### SOURCE MATERIAL
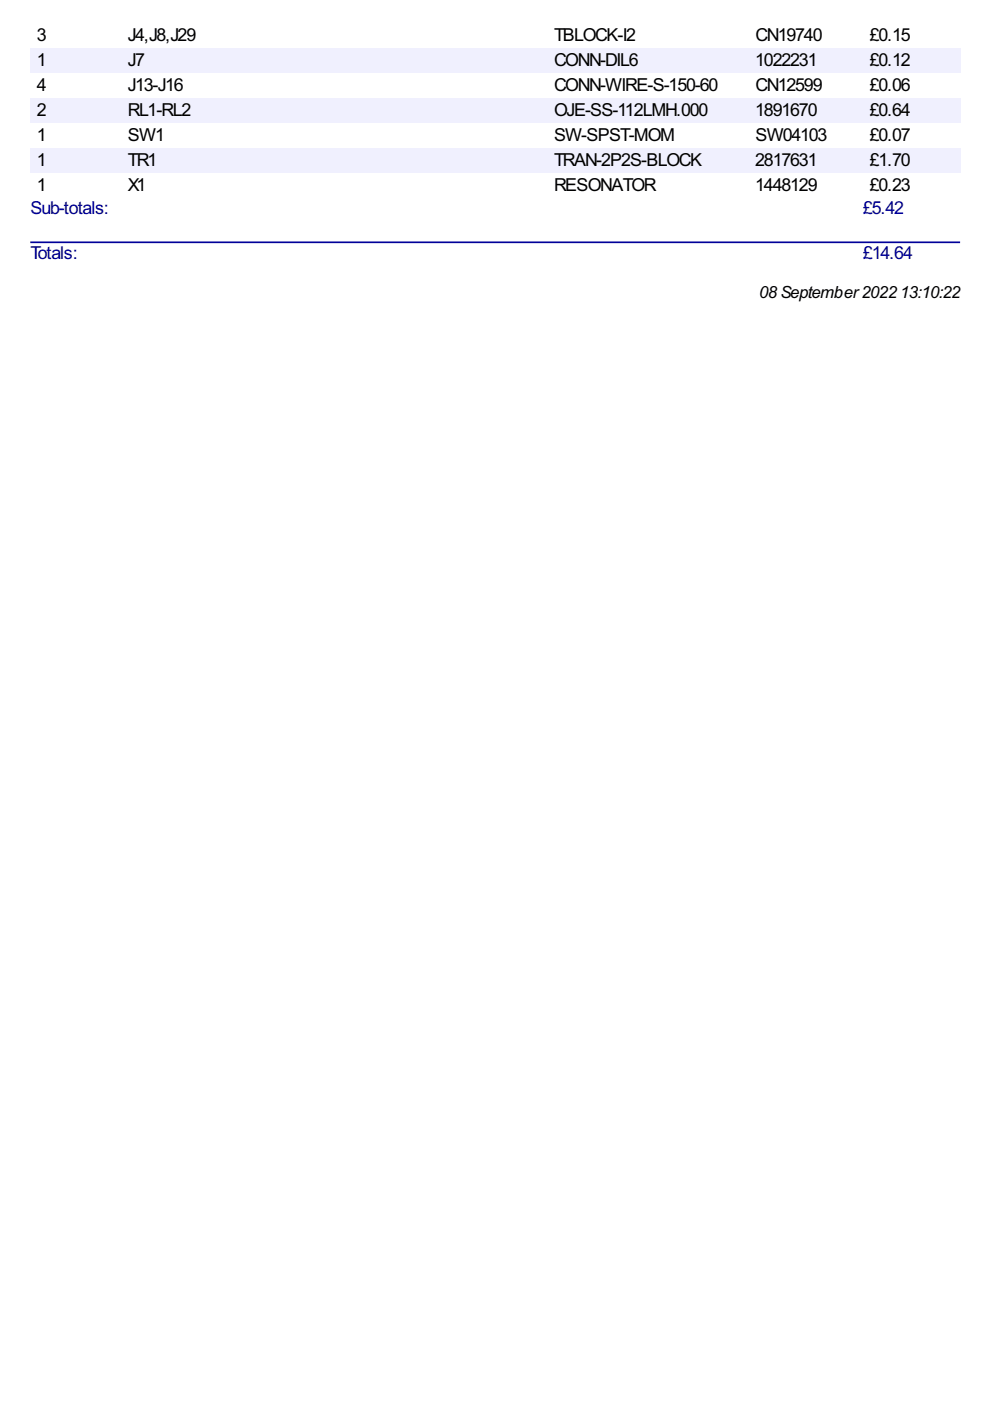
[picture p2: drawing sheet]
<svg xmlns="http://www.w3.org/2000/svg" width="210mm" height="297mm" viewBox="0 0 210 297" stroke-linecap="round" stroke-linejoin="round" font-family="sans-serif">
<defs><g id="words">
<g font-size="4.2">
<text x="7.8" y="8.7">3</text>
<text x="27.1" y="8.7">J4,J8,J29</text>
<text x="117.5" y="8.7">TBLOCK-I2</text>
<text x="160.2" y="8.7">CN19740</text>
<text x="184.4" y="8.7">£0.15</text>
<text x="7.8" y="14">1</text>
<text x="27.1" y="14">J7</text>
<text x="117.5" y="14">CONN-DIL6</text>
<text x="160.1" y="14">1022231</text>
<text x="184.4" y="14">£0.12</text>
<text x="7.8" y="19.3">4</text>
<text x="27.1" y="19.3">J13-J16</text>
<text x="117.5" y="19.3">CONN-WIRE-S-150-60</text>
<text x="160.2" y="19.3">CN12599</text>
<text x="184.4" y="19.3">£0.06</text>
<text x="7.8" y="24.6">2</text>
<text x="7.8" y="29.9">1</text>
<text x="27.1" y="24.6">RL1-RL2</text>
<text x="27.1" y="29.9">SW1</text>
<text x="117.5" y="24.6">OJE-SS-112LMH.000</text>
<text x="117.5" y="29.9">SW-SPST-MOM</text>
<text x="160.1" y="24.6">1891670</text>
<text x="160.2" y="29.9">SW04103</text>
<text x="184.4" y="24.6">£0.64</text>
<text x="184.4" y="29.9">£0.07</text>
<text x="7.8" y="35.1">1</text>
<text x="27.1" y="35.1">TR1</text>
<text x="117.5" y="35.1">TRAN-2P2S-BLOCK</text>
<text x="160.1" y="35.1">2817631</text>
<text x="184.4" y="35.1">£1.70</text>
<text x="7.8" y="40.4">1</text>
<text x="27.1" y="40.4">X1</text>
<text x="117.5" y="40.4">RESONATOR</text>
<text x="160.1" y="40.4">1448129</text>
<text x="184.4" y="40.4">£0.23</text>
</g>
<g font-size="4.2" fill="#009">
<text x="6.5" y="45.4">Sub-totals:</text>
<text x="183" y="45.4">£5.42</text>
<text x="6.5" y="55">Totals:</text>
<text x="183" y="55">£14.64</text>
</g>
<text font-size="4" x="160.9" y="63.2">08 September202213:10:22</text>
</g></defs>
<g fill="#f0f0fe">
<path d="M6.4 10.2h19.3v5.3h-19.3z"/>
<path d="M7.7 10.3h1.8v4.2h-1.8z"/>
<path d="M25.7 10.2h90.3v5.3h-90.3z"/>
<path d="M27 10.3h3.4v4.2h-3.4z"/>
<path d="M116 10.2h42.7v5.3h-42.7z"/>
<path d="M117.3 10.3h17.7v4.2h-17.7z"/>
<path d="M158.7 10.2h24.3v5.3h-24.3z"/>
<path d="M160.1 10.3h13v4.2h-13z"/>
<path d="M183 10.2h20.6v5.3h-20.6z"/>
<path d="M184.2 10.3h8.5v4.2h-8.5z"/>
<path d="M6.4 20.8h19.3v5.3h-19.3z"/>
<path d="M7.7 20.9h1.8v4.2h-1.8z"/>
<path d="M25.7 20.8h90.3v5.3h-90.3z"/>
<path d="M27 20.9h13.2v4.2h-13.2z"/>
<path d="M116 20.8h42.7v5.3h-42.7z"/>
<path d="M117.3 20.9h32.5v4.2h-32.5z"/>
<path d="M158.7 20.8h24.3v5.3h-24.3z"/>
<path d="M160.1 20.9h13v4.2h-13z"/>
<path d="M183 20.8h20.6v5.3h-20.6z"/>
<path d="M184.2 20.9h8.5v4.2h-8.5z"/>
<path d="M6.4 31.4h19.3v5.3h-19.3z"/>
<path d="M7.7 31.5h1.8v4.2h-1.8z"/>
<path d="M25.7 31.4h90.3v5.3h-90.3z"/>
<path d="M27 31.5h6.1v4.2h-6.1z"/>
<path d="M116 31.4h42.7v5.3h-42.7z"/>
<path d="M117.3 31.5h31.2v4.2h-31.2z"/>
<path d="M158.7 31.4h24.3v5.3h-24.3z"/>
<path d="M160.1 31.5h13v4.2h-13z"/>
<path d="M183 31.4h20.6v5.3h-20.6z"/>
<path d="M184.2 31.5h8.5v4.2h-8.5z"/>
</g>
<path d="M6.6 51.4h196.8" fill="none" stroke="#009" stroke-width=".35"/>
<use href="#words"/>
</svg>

### DIRECTIONS
Reproduce all of the material above word for word. Omit the pictures.

### REPLY TO THE TASK
[picture p2: drawing sheet]
<svg xmlns="http://www.w3.org/2000/svg" width="210mm" height="297mm" viewBox="0 0 210 297" stroke-linecap="round" stroke-linejoin="round" font-family="sans-serif">
<defs><g id="words">
<g font-size="4.2">
<text x="7.8" y="8.7">3</text>
<text x="27.1" y="8.7">J4,J8,J29</text>
<text x="117.5" y="8.7">TBLOCK-I2</text>
<text x="160.2" y="8.7">CN19740</text>
<text x="184.4" y="8.7">£0.15</text>
<text x="7.8" y="14">1</text>
<text x="27.1" y="14">J7</text>
<text x="117.5" y="14">CONN-DIL6</text>
<text x="160.1" y="14">1022231</text>
<text x="184.4" y="14">£0.12</text>
<text x="7.8" y="19.3">4</text>
<text x="27.1" y="19.3">J13-J16</text>
<text x="117.5" y="19.3">CONN-WIRE-S-150-60</text>
<text x="160.2" y="19.3">CN12599</text>
<text x="184.4" y="19.3">£0.06</text>
<text x="7.8" y="24.6">2</text>
<text x="7.8" y="29.9">1</text>
<text x="27.1" y="24.6">RL1-RL2</text>
<text x="27.1" y="29.9">SW1</text>
<text x="117.5" y="24.6">OJE-SS-112LMH.000</text>
<text x="117.5" y="29.9">SW-SPST-MOM</text>
<text x="160.1" y="24.6">1891670</text>
<text x="160.2" y="29.9">SW04103</text>
<text x="184.4" y="24.6">£0.64</text>
<text x="184.4" y="29.9">£0.07</text>
<text x="7.8" y="35.1">1</text>
<text x="27.1" y="35.1">TR1</text>
<text x="117.5" y="35.1">TRAN-2P2S-BLOCK</text>
<text x="160.1" y="35.1">2817631</text>
<text x="184.4" y="35.1">£1.70</text>
<text x="7.8" y="40.4">1</text>
<text x="27.1" y="40.4">X1</text>
<text x="117.5" y="40.4">RESONATOR</text>
<text x="160.1" y="40.4">1448129</text>
<text x="184.4" y="40.4">£0.23</text>
</g>
<g font-size="4.2" fill="#009">
<text x="6.5" y="45.4">Sub-totals:</text>
<text x="183" y="45.4">£5.42</text>
<text x="6.5" y="55">Totals:</text>
<text x="183" y="55">£14.64</text>
</g>
<text font-size="4" x="160.9" y="63.2">08 September202213:10:22</text>
</g></defs>
<g fill="#f0f0fe">
<path d="M6.4 10.2h19.3v5.3h-19.3z"/>
<path d="M7.7 10.3h1.8v4.2h-1.8z"/>
<path d="M25.7 10.2h90.3v5.3h-90.3z"/>
<path d="M27 10.3h3.4v4.2h-3.4z"/>
<path d="M116 10.2h42.7v5.3h-42.7z"/>
<path d="M117.3 10.3h17.7v4.2h-17.7z"/>
<path d="M158.7 10.2h24.3v5.3h-24.3z"/>
<path d="M160.1 10.3h13v4.2h-13z"/>
<path d="M183 10.2h20.6v5.3h-20.6z"/>
<path d="M184.2 10.3h8.5v4.2h-8.5z"/>
<path d="M6.4 20.8h19.3v5.3h-19.3z"/>
<path d="M7.7 20.9h1.8v4.2h-1.8z"/>
<path d="M25.7 20.8h90.3v5.3h-90.3z"/>
<path d="M27 20.9h13.2v4.2h-13.2z"/>
<path d="M116 20.8h42.7v5.3h-42.7z"/>
<path d="M117.3 20.9h32.5v4.2h-32.5z"/>
<path d="M158.7 20.8h24.3v5.3h-24.3z"/>
<path d="M160.1 20.9h13v4.2h-13z"/>
<path d="M183 20.8h20.6v5.3h-20.6z"/>
<path d="M184.2 20.9h8.5v4.2h-8.5z"/>
<path d="M6.4 31.4h19.3v5.3h-19.3z"/>
<path d="M7.7 31.5h1.8v4.2h-1.8z"/>
<path d="M25.7 31.4h90.3v5.3h-90.3z"/>
<path d="M27 31.5h6.1v4.2h-6.1z"/>
<path d="M116 31.4h42.7v5.3h-42.7z"/>
<path d="M117.3 31.5h31.2v4.2h-31.2z"/>
<path d="M158.7 31.4h24.3v5.3h-24.3z"/>
<path d="M160.1 31.5h13v4.2h-13z"/>
<path d="M183 31.4h20.6v5.3h-20.6z"/>
<path d="M184.2 31.5h8.5v4.2h-8.5z"/>
</g>
<path d="M6.6 51.4h196.8" fill="none" stroke="#009" stroke-width=".35"/>
<use href="#words"/>
</svg>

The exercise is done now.